Desde quando a Igreja deve se preocupar com questões ecológicas? Desde sempre. Afinal ecologia e vida estão intrinsicamente ligadas, tal qual vida e espiritualidade não se separam da realidade humana, constituem a essência do que somos neste mundo: um animal dotado de corpo e alma. “O Senhor, que primeiro cuida de nós, ensina-nos a cuidar dos nossos irmãos e irmãs e do ambiente que Ele nos dá de prenda cada dia. Esta é a primeira ecologia que precisamos” (41). Assim Papa Francisco introduz o terceiro sonho de sua carta apostólica dirigida à “Querida Amazônia”.
Como vemos, Francisco faz jus ao nome que escolheu. Tal qual aquele amante dos pássaros e animais cujo sonho era reconstruir a Igreja. Tal qual o sonho ecológico que hoje nos sensibiliza. “Se o cuidado das pessoas e o cuidado dos ecossistemas são inseparáveis, isto torna-se particularmente significativo lá onde a ‘floresta não é um recurso para se explorar, é um ser ou vários seres com os quais se relacionar’ (LS)… Abusar da natureza significa abusar dos antepassados, dos irmãos e irmãs, da criação e do Criador” (42).

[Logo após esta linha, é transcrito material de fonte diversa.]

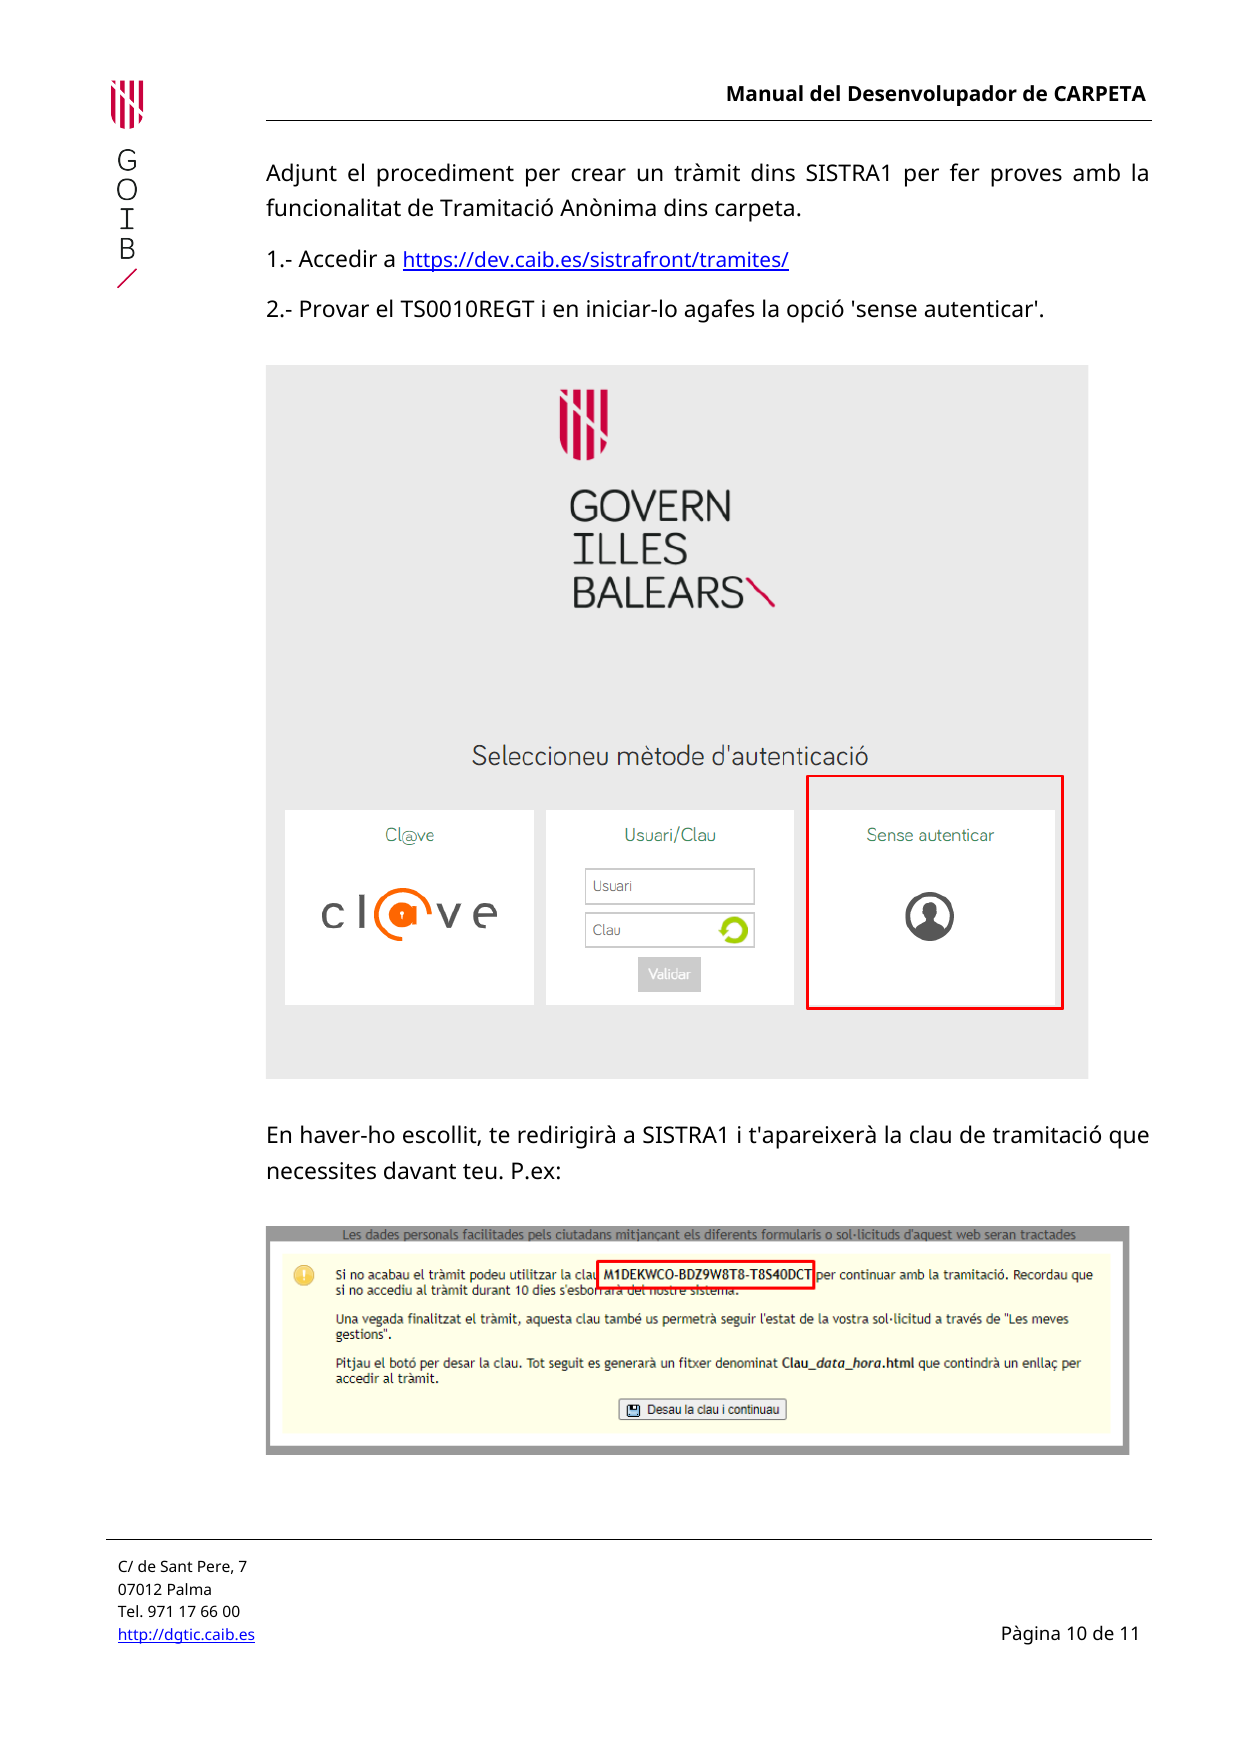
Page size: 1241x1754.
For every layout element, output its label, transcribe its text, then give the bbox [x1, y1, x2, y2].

text 2.- Provar el TS0010REGT i en iniciar-lo agafes la opció 'sense autenticar'. [266, 293, 1152, 325]
picture [82, 57, 172, 319]
picture [265, 1226, 1130, 1455]
text 1.- Accedir a https://dev.caib.es/sistrafront/tramites/ [266, 243, 1152, 274]
text Adjunt el procediment per crear un tràmit dins SISTRA1 per fer proves amb la funcionalitat de Tramitació Anònima dins carpeta. [266, 156, 1152, 224]
text En haver-ho escollit, te redirigirà a SISTRA1 i t'apareixerà la clau de tramitació que necessites davant teu. P.ex: [266, 1119, 1152, 1186]
picture [265, 365, 1089, 1079]

Só o egoísmo e a ambição desmedida de alguns poucos para não compreender tamanha verdade: nos passos da exploração extrativista nada teremos a sonhar, mas a lamentar muito. “O equilíbrio da terra depende também da saúde da Amazônia” Quem nunca ouviu falar disso? “Quando se elimina a floresta, esta não é substituída, ficando um terreno com poucos nutrientes que se transforma num território desértico ou pobre em vegetação” (48).
Aqui nos deparamos com um cenário nada promissor, pois “num ecossistema como o amazônico, é incontestável a importância de cada parte para a conservação do todo” (48). Ou seja: “não basta prestar atenção à preservação das espécies mais visíveis em risco de extinção. É crucial ter em conta que, ‘para o bom funcionamento dos ecossistemas’, também são necessários os fungos, as algas, os vermes, os pequenos insetos, os répteis e a variedade inumerável de micro-organismos” (49). “Além disso a água, que abunda na Amazônia, é um bem essencial para a sobrevivência humana, mas as fontes de poluição vão aumentando cada vez mais” (49). A Igreja não faz uma ingerência sobre qualquer soberania territorial, mas um alerta bem apropriado aos que administram ou governam a região. E sentencia: “Por isso, a solução não está numa ‘internacionalização’ da Amazônia, mas a responsabilidade dos governos nacionais torna-se mais grave” (50).
Que se calem, pois, os semeadores de discórdias pura e simples. “Se nos detivermos na superfície, pode parecer ‘que as coisas não estejam assim tão graves e que o planeta poderia subsistir ainda… Este comportamento evasivo serve-nos para mantermos os nossos estilos de vida, de produção e consumo” (53). É muito cômodo acusar, defendendo interesses pessoais, sem a visão do todo. Como acontece numa descoberta de riquezas minerais, onde a destruição sobrepõe-se ao bem comum, como um trator de esteira que não avalia o rastro de destruição atrás de si. “Por todas estas razões, nós, os crentes, encontramos na Amazônia um lugar teológico, um espaço onde o próprio Deus Se manifesta e chama os seus filhos” (57). Uma urgência se faz primordial: educação e hábitos ecológicos. “A grande ecologia sempre inclui um aspecto educativo, que provoca o desenvolvimento de novos hábitos” (58). O que vemos acontecer no mundo amazônico é exatamente o contrário: “o consumismo e a cultura do descarte” já estão presentes na sua população. “A Igreja, com a sua longa experiência espiritual, a sua consciência renovada sobre o valor da criação, a sua preocupação com a justiça, a sua opção pelos últimos, a sua tradição educativa… deseja, por sua vez, prestar a sua contribuição…” (60). Por enquanto, é isso.